12 minute read

PERSPECTIVES ON OLEN BRYANT

THE EDGES OF ZEN

BY NED CROUCH

There are times, while you are driving your car through life, that you notice certain markers along the way. Markers that you just glance at in passing, as you travel down well-remembered highways. They are measurements of the trip, recalling bits of memory of having passed them before. For the most part, there is comfort in remembering.

One of the first journeys I took down a now long-traveled highway was in 1967, in a VW bug loaded with a stereo, my raggedy chic clothes (flare jeans with a paisley chevron at each heel), some books, a Texaco gas card and a small fired clay sculpture. I was headed north, out of Nashville, to a small college situated in Clarksville, Tennessee. The car, books, clothes and gas card are of little importance – the piece of sculpture is another story.

Seven dollars comes hard to someone sacking groceries after school in the early 1960s. It was three hours of snapping open hard brown paper sacks, double-bagging and dragging a loaded cart through snow in an unplowed lot.

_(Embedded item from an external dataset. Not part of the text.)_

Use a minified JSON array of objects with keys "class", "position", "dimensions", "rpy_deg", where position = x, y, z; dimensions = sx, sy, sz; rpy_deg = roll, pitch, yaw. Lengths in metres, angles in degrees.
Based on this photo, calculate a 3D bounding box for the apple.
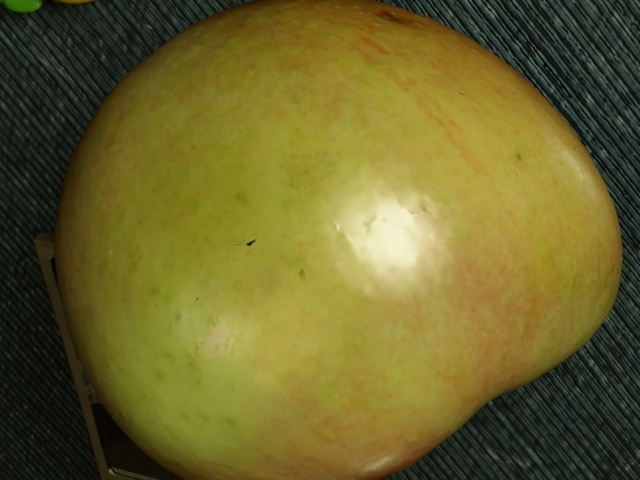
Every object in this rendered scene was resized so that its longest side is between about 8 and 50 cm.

Seven dollars was hard-won money, and choices on how to spend it were carefully plotted. I never had the nerve to tell my friends that I spent my seven dollars on a small ceramic figure, picked off the shelf from a line of other small pieces made by a sculptor at the Nashville Artist Guild. That brave purchase and its maker remain significant markers in my life and experience as an artist, and as a person. In a curious and roundabout way, they formed the route leading to this time and place.

Olen Bryant Untitled (actual size)

Olen Bryant Untitled (actual size)

Ceramic, ca. 1960s Courtesy of Ned Crouch

That little ceramic figure by Olen Bryant has traveled with me from my room on Sneed Avenue in Nashville, out into the adult world, residing with me wherever I went. I can put my hands on it at this very moment.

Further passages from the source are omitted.